The intra system prompt's user-message-structure table is updated to document
both children[i].diff and children[i].code, plus the change_form discriminator,
so the analyst knows how to read either form.

Mutator system prompt: softened the "Untried directions" rule. Previously
"prefer it over inventing a new direction from scratch" — a hard preference
that let speculative hints dominate archetype selection. Now framed as
candidates to weigh alongside the model's own ideas, with explicit licence
to skip any whose mechanism does not actually fit the parent's code.

Tests: 4 new payload-shape tests on IntraMemoryStage (diff for small mutation,
full-code for structural rewrite, full-code for invalid child, system prompt
documents change_form/diff/full_code), plus a new pin on the mutator prompt
wording.

Co-Authored-By: Claude Opus 4.7 (1M context) <noreply@anthropic.com>

* feat(prescriptive): MutationSuggestionStage + EvolutionaryStatistics wiring

Architectural split between descriptive (IntraMemoryStage) and prescriptive
(MutationSuggestionStage) memory: the intra stage now ONLY summarises lineage
history into a per-parent card; the new MutationSuggestionStage consumes
intra card + cross-population memory cards + ancestral momentum trail +
EvolutionaryStatistics population snapshot and emits structured
ProgramInsights into MutationContextStage's insights slot (same shape as the
legacy InsightsStage, so the mutator's PROGRAM INSIGHTS section renders
unchanged).

Key wiring (lineage_memory_pipeline.py):
* DescendantProgramIds → IntraMemoryStage.children_ids
* IntraMemoryStage → MutationSuggestionStage.intra_card
* MemoryContextStage → MutationSuggestionStage.memory_cards
* EvolutionaryStatisticsCollector → MutationSuggestionStage.evolutionary_statistics
* MutationSuggestionStage → MutationContextStage.insights
* IntraMemoryStage + MemoryContextStage → ConcatMemoryStage → MutationContextStage.memory

Both strong-LLM stages (Intra + Suggestion) gate on validator success and
(when enabled) archive acceptance, mirroring the legacy InsightsStage
skip-cascade so paid LLM tokens are never spent on a program that won't
enter the archive.

Other:
* Intra card delta-distribution + mean_delta now formatted using primary
  metric's decimals from metrics.yaml (was rendering raw 16-sig-fig floats).
* PopulationSnapshot.refresh: refetch programs in INCOMPLETE_STATES so
  QUEUED/RUNNING entries get up-to-date metrics on each snapshot.

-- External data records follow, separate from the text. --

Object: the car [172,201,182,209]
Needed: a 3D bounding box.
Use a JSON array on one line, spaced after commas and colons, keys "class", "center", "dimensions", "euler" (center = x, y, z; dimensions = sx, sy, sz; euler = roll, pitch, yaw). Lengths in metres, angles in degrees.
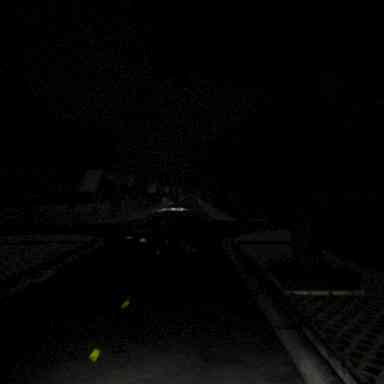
[{"class": "car", "center": [-2.758, 2.366, 61.794], "dimensions": [1.895, 1.301, 4.718], "euler": [0, 0, 0]}]
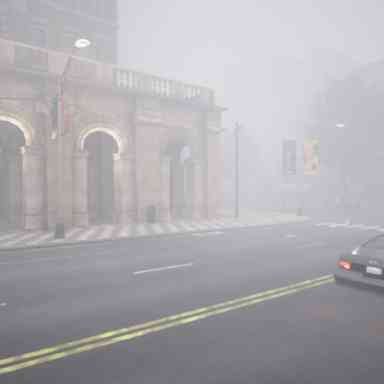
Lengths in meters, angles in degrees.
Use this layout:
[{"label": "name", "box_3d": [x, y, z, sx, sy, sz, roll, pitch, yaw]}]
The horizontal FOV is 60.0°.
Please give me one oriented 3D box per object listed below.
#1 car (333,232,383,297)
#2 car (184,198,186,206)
[{"label": "car", "box_3d": [5.502, 1.540, 7.795, 5.357, 1.411, 2.033, 0, 0, -36]}, {"label": "car", "box_3d": [-0.744, 1.572, 49.033, 1.895, 1.301, 4.718, 0, 0, -36]}]
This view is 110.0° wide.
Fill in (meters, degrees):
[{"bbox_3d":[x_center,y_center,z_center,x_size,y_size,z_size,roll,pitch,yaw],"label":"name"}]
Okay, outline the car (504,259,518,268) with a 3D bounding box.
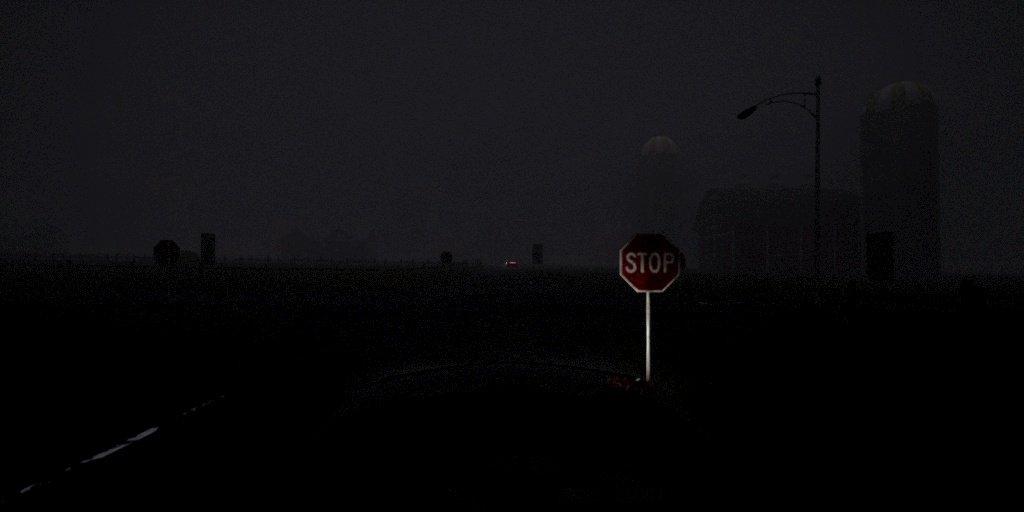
[{"bbox_3d":[0.075,1.306,61.498,2.128,1.511,4.902,0,0,-2],"label":"car"}]
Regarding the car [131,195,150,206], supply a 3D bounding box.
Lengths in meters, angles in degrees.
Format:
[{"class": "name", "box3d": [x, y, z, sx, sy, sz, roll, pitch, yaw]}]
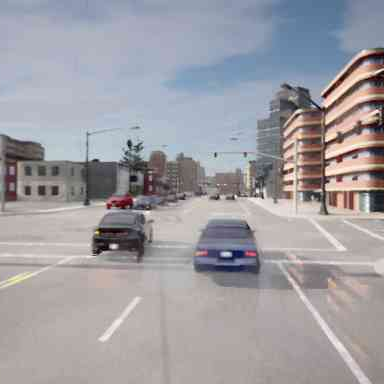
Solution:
[{"class": "car", "box3d": [-8.016, 1.313, 52.053, 1.812, 1.442, 4.674, 0, 1, 7]}]

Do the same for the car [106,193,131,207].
[{"class": "car", "box3d": [-9.084, 1.128, 42.367, 2.150, 2.045, 5.566, 0, 1, 6]}]

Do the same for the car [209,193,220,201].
[{"class": "car", "box3d": [4.663, 1.136, 70.927, 1.895, 1.301, 4.718, 0, 1, 6]}]

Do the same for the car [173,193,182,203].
[{"class": "car", "box3d": [-3.632, 1.234, 59.587, 2.033, 1.411, 5.357, 0, 1, 7]}]

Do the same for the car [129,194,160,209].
[{"class": "car", "box3d": [-5.726, 1.284, 40.775, 2.097, 1.767, 4.553, 0, 1, 6]}]

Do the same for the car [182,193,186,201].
[{"class": "car", "box3d": [-2.482, 1.006, 69.966, 1.882, 1.535, 5.008, 0, 1, 6]}]

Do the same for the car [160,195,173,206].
[{"class": "car", "box3d": [-4.744, 1.322, 49.804, 2.128, 1.511, 4.902, 0, 1, 6]}]

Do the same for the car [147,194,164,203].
[{"class": "car", "box3d": [-6.799, 1.178, 62.571, 2.033, 1.411, 5.357, 0, 1, 6]}]

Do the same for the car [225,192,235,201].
[{"class": "car", "box3d": [8.086, 1.080, 70.034, 2.128, 1.511, 4.902, 0, 1, 6]}]

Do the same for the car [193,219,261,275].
[{"class": "car", "box3d": [1.128, 1.573, 10.629, 2.033, 1.411, 5.357, 0, 0, 7]}]

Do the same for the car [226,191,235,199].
[{"class": "car", "box3d": [9.201, 0.692, 80.374, 2.097, 1.767, 4.553, 0, 0, 6]}]

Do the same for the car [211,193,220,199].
[{"class": "car", "box3d": [5.737, 0.964, 80.907, 1.994, 1.385, 4.181, 0, 0, 6]}]

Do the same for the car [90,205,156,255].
[{"class": "car", "box3d": [-2.654, 1.511, 13.246, 1.837, 1.490, 4.892, 1, 0, -3]}]
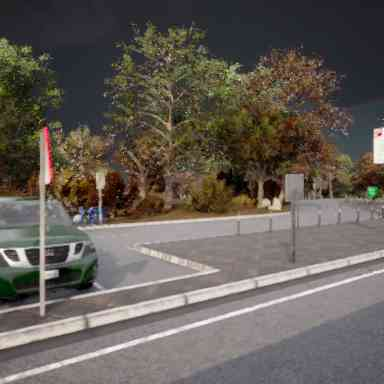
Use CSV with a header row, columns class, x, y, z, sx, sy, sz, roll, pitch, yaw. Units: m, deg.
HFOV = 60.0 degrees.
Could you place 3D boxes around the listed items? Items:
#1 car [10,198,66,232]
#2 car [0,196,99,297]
class,x,y,z,sx,sy,sz,roll,pitch,yaw
car,-9.371,1.257,20.053,2.185,1.767,4.553,1,0,-36
car,-4.213,1.153,8.300,2.435,2.045,5.566,0,0,-36
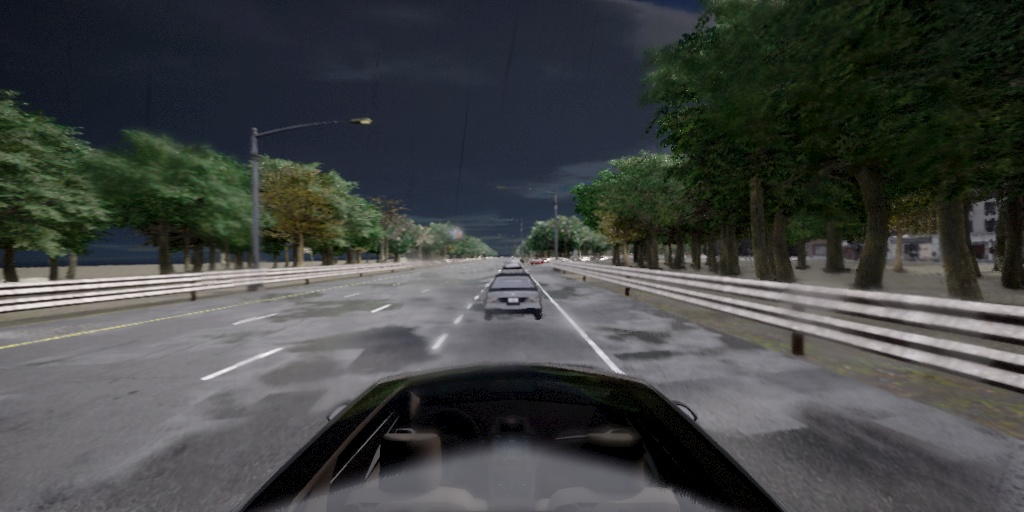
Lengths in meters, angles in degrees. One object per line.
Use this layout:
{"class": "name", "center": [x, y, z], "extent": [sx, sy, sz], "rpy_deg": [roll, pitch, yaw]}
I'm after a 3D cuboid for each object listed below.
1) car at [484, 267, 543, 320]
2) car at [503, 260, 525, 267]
{"class": "car", "center": [0.034, 1.299, 12.685], "extent": [2.033, 1.411, 5.357], "rpy_deg": [-1, 0, 0]}
{"class": "car", "center": [0.027, 1.247, 28.631], "extent": [2.128, 1.511, 4.902], "rpy_deg": [-1, 0, 0]}
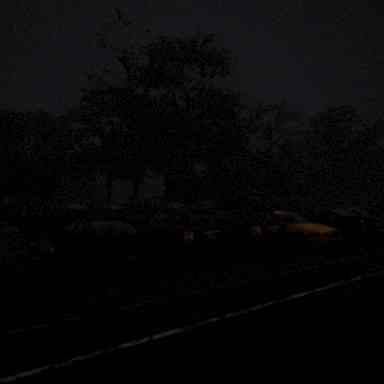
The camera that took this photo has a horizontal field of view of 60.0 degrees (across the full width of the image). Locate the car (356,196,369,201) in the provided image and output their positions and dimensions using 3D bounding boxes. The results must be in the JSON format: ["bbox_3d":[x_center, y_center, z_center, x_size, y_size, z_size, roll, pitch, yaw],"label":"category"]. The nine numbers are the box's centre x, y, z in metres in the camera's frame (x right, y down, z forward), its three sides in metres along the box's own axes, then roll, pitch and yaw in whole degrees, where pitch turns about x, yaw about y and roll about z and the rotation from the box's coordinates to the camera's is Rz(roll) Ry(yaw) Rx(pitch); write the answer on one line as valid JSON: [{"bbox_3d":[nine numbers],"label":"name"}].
[{"bbox_3d":[18.967,1.640,41.783,2.163,1.488,4.792,0,0,-35],"label":"car"}]

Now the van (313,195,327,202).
[{"bbox_3d":[12.146,1.346,37.041,1.878,1.987,4.442,0,0,-35],"label":"van"}]

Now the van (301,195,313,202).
[{"bbox_3d":[10.024,1.336,35.245,1.878,1.987,4.442,0,0,-35],"label":"van"}]

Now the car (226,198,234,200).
[{"bbox_3d":[0.927,1.521,28.915,2.097,1.535,5.008,0,0,-35],"label":"car"}]

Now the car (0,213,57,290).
[{"bbox_3d":[-5.157,1.502,8.550,2.002,1.452,4.674,0,0,-35],"label":"car"}]

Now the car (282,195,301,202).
[{"bbox_3d":[7.715,1.300,33.713,2.435,2.045,5.566,0,0,-35],"label":"car"}]

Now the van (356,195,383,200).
[{"bbox_3d":[23.328,1.434,44.991,1.878,1.987,4.442,1,0,-35],"label":"van"}]

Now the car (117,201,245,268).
[{"bbox_3d":[-0.612,1.356,11.740,2.185,1.767,4.553,0,0,-35],"label":"car"}]

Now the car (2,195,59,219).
[{"bbox_3d":[-10.449,1.220,20.799,2.435,2.045,5.566,0,0,-35],"label":"car"}]

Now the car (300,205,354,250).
[{"bbox_3d":[4.002,1.499,14.832,1.946,1.575,5.366,0,0,-35],"label":"car"}]

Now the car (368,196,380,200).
[{"bbox_3d":[21.118,1.661,43.312,2.163,1.488,4.792,1,0,-35],"label":"car"}]

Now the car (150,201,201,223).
[{"bbox_3d":[-1.437,1.551,27.244,2.002,1.452,4.674,0,0,-35],"label":"car"}]

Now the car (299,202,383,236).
[{"bbox_3d":[8.416,1.523,18.205,2.231,1.521,4.892,0,0,-35],"label":"car"}]

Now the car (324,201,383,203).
[{"bbox_3d":[10.790,1.529,19.657,1.946,1.575,5.366,0,0,-35],"label":"car"}]

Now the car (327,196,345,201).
[{"bbox_3d":[14.468,1.581,38.555,2.097,1.535,5.008,0,0,-35],"label":"car"}]

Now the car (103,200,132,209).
[{"bbox_3d":[-5.847,1.532,24.102,2.002,1.452,4.674,0,0,-35],"label":"car"}]

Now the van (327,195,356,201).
[{"bbox_3d":[16.805,1.369,40.077,1.878,1.987,4.442,0,0,-36],"label":"van"}]

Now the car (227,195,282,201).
[{"bbox_3d":[5.457,1.290,32.108,2.435,2.045,5.566,0,0,-35],"label":"car"}]

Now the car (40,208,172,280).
[{"bbox_3d":[-2.890,1.472,10.152,2.097,1.535,5.008,0,0,-35],"label":"car"}]

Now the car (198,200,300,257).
[{"bbox_3d":[1.651,1.366,13.349,2.185,1.767,4.553,0,0,-35],"label":"car"}]

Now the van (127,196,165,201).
[{"bbox_3d":[-3.760,1.275,25.732,1.878,1.987,4.442,0,0,-35],"label":"van"}]

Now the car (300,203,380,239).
[{"bbox_3d":[6.161,1.513,16.586,2.231,1.521,4.892,0,0,-35],"label":"car"}]

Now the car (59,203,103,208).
[{"bbox_3d":[-8.104,1.481,22.494,2.097,1.535,5.008,0,0,-35],"label":"car"}]
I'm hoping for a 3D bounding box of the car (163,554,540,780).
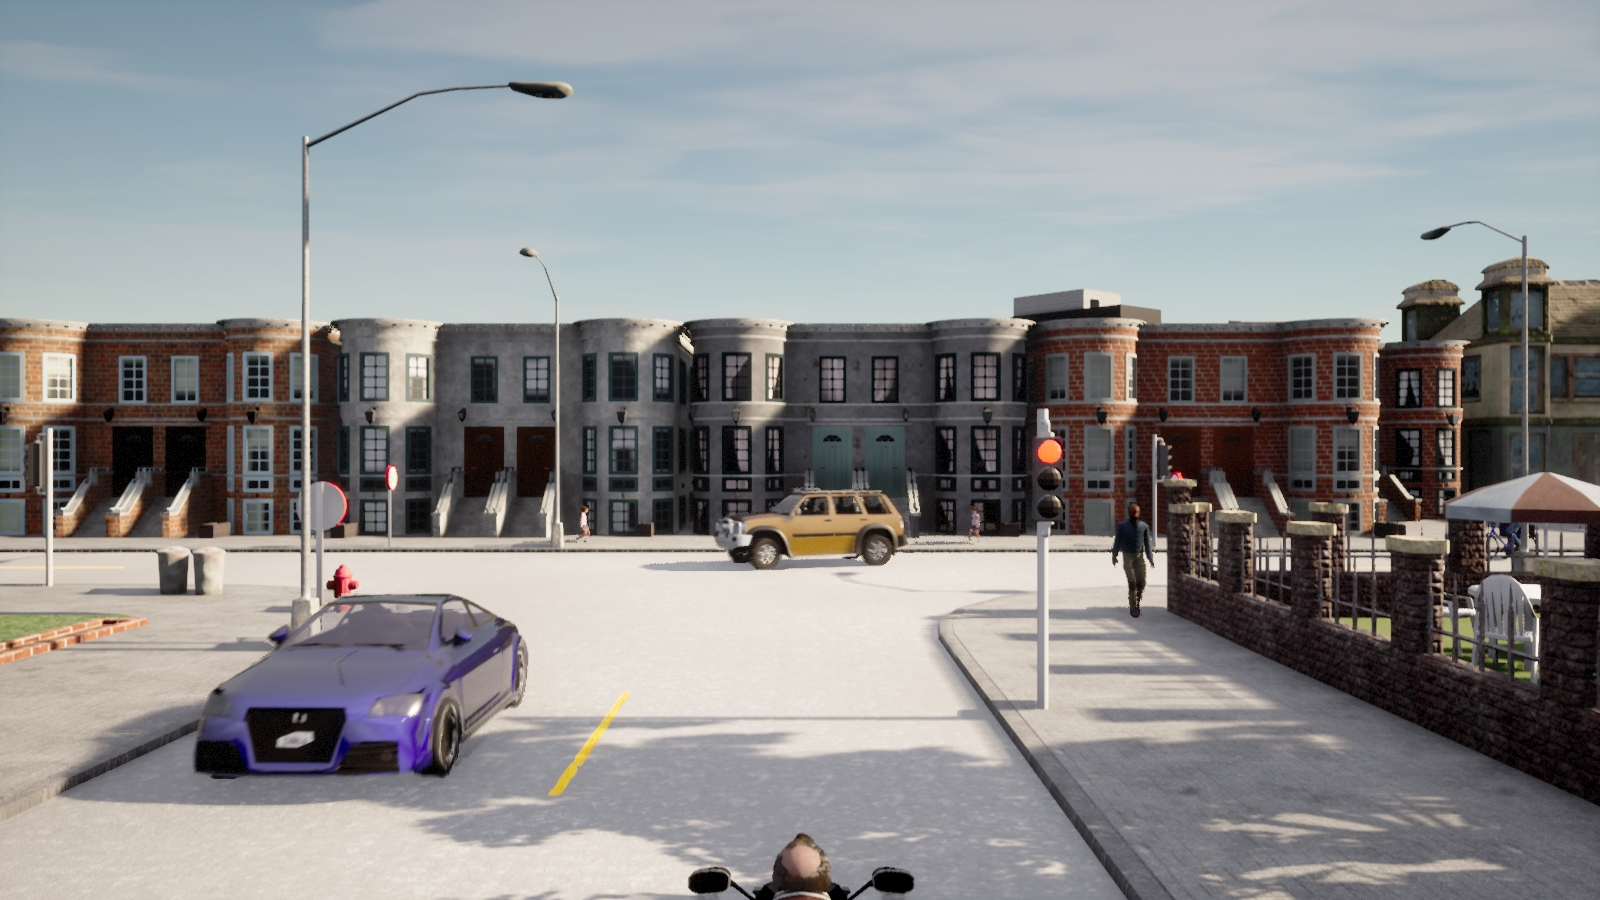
[{"bbox_3d":[-3.999,1.894,11.060,1.994,1.385,4.181,0,0,0],"label":"car"}]

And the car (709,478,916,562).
[{"bbox_3d":[0.300,1.632,27.666,4.605,1.855,1.932,0,-1,-21],"label":"car"}]

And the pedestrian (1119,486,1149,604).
[{"bbox_3d":[5.351,1.508,18.309,0.375,1.860,0.375,0,0,2],"label":"pedestrian"}]

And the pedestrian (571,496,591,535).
[{"bbox_3d":[-6.305,1.891,32.947,0.500,1.100,0.500,0,0,-3],"label":"pedestrian"}]

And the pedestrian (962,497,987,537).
[{"bbox_3d":[4.947,1.891,32.370,0.500,1.100,0.500,0,0,-34],"label":"pedestrian"}]

* fix(memory): pick OPENROUTER_API_KEY when LLM_BASE_URL targets OpenRouter

Previously gigaevo.memory.config.OPENAI_API_KEY preferred $OPENAI_API_KEY
over $OPENROUTER_API_KEY unconditionally. In intra_extra_memory smokes we
export both — $OPENAI_API_KEY=sk-gigaevo (LiteLLM proxy) for the main Qwen
pipeline and $OPENROUTER_API_KEY=sk-or-v1-... for the GAM/A-Mem cheap path
(Gemini Flash via OpenRouter). The wrong-key-for-endpoint combination made
every GAM research_agent and IdeaTracker LLM call 401-silently, killing
the extra-memory channel without any pipeline error.

Two-line fix:
- config.OPENAI_API_KEY now resolves OpenRouter key first when LLM_BASE_URL
  contains "openrouter.ai" (e.g. settings.yaml default).
- ideas_tracker.llm._init_clients picks the right key for the effective
  base_url (OPENROUTER_API_KEY for openrouter, OPENAI_API_KEY otherwise).

Verified: with both keys exported and settings.yaml's OpenRouter base_url,
client.api_key now starts with "sk-or-". With base_url set to the LiteLLM
proxy, client.api_key falls back to "sk-gigaevo".

Co-Authored-By: Claude Opus 4.7 (1M context) <noreply@anthropic.com>

* feat(suggester): rank-aware ambition rule in mutation_suggestions/system.txt

Adds a sub-bullet under the Evolutionary Statistics input description that
calibrates the suggester's parametric-vs-structural mix to the rank of the
parent in the window (already reported as `rank X/Y in window`):

* Top quartile -> at least one suggestion must be structurally orthogonal
  (different algorithm family, init scheme, or objective), not a parameter
  tweak. Parametric refinements alone are insufficient when the parent
  already tops its window.
* Bottom half -> at least one structural change required; fragile/harmful
  tags take precedence over rigid-parameter tweaks.
* Middle band -> mix exploitation with at least one orthogonal axis.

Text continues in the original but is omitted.